Databases holy war. Yet another chapter.

Near a year ago we looked for a geolocation solution to complement the functionality of one of our projects. We expected to deal with hundreds of thousands of records at the beginning and to grow up to 10-15 million records. Finally, we’ve picked up PostgreSQL and its PostGIS extension.

We’ve decided to set amount of records to 100M, so to make it worth of telling about here. The key goal is to compare both DBs spatial indexes possibilities and speed.

Possible solutions

You’ll probably end up with some popular solutions like:
– PostgreSQL & PostGIS
– MySQL
– solr
– MongoDB

Each of them has its own pros and cons, but for a several reasons we decided to choose finally between PostgreSQL and MySQL.

Server configuration

Our benchmark ran on virtual server having power of all cores of physical CPU (Intel Xeon E31275 @ 3.40GHz) and with 4 Gb of RAM. Hard disks maintained by LSI MegaSAS 9260 controller.

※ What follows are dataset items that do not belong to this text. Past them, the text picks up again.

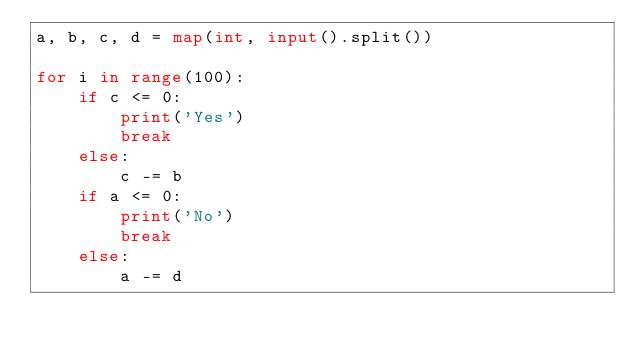<code> <loc_0><loc_0><loc_500><loc_500><_Python_>a, b, c, d = map(int, input().split())

for i in range(100):
    if c <= 0:
        print('Yes')
        break
    else:
        c -= b
    if a <= 0:
        print('No')
        break
    else:
        a -= d</code> 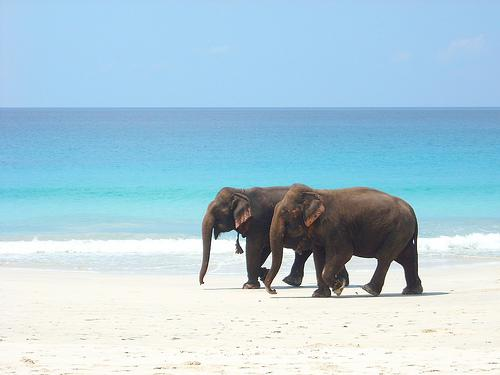Question: who owns these elephants?
Choices:
A. The zoo.
B. The animal trainer.
C. The state.
D. The circus.
Answer with the letter. Answer: B Question: what type of animals are these?
Choices:
A. Horses.
B. Zebras.
C. Goats.
D. Elephants.
Answer with the letter. Answer: D Question: what color are the elephants?
Choices:
A. Black.
B. White.
C. Brown.
D. Grey.
Answer with the letter. Answer: D Question: how many elephants are in this photo?
Choices:
A. One.
B. Two.
C. Three.
D. Four.
Answer with the letter. Answer: B

Software versions & configuration details

Software versions we used in our benchmarking:
PostgreSQL: 9.1.2
PostGIS: 1.5.3
MySQL: 5.5.17

MySQL configuration adjustments are quite brief:
key_buffer = 2GB sort_buffer_size = 7M read_buffer_size = 7M read_rnd_buffer_size = 7M myisam_sort_buffer_size = 8MB myisam_max_sort_file_size = 128MB thread_concurrency = 16

PostgreSQL changes are compact too:
shared_buffers = 2GB temp_buffers = 8MB work_mem = 7MB effective_io_concurrency = 8 effective_cache_size = 2GB

DBs tables setup and notes

MySQL’s create table statement:
CREATE TABLE locations ( id serial, name varchar(255), latitude decimal(12, 8), longitude decimal(12, 8), location Point NOT NULL ) ENGINE=MyISAM;

As you may see engine type here is MyISAM. That’s because only this type of storage engine supports spatial indexing.

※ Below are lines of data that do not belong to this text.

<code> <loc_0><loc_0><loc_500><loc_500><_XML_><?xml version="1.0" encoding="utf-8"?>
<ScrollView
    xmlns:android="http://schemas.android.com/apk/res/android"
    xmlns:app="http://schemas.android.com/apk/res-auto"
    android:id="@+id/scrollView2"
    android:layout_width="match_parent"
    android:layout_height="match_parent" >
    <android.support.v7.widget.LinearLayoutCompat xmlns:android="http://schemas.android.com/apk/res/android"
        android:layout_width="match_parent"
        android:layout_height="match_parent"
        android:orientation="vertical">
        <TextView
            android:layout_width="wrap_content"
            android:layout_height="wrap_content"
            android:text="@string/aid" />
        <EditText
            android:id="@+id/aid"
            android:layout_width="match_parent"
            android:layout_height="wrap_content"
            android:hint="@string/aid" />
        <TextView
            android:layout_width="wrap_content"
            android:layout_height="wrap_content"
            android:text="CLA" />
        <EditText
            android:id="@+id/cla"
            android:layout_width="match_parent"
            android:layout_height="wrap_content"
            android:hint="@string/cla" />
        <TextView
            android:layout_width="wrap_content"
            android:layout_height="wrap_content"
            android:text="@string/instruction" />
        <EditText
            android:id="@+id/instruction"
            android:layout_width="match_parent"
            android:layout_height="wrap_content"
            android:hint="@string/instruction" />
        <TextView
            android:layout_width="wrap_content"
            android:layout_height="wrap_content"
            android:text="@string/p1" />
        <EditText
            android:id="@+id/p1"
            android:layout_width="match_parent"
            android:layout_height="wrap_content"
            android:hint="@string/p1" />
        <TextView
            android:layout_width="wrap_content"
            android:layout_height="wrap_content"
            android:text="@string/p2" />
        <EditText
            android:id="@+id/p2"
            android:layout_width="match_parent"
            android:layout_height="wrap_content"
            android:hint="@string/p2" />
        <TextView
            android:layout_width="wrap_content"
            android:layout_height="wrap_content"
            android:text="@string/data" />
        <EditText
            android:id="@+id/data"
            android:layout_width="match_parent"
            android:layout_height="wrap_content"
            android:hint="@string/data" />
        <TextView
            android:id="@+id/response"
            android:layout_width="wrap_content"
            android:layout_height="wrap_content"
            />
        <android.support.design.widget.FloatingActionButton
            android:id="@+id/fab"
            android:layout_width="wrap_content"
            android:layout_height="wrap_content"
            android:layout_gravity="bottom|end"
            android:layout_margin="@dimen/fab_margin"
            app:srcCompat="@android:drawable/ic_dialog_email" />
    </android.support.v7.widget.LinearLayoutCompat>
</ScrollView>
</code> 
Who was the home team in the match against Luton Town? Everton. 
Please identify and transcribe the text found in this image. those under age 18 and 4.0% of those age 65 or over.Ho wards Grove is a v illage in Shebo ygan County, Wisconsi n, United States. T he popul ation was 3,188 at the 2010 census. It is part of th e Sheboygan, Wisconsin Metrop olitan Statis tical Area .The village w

Spatial index creating statement:
CREATE SPATIAL INDEX idx_locations ON locations(location);

PostgreSQL create table statement:
CREATE TABLE locations ( id serial UNIQUE, name varchar(255), latitude decimal(12, 8), longitude decimal(12, 8), location GEOGRAPHY(POINT,4326) );

Spatial index creating statement:
CREATE INDEX idx_location ON locations USING GIST(location);

Note: some table columns were skipped

Benchmarking methodology

Our business needs included searching for locations within some radius having coordinates of the center. While benchmarking, we’re taking 1000 locations and searching for other locations using coordinates of each selected row within 1000 meters around it. This gives us 1000 lookups. Every hundred of lookups we’ve printed time to see a progress.

Also, we measured performance producing 20 parallel requests, each with 30 points to look around.

Our set consists of 100M records placed randomly within -20..20 degrees both longitude and latitude.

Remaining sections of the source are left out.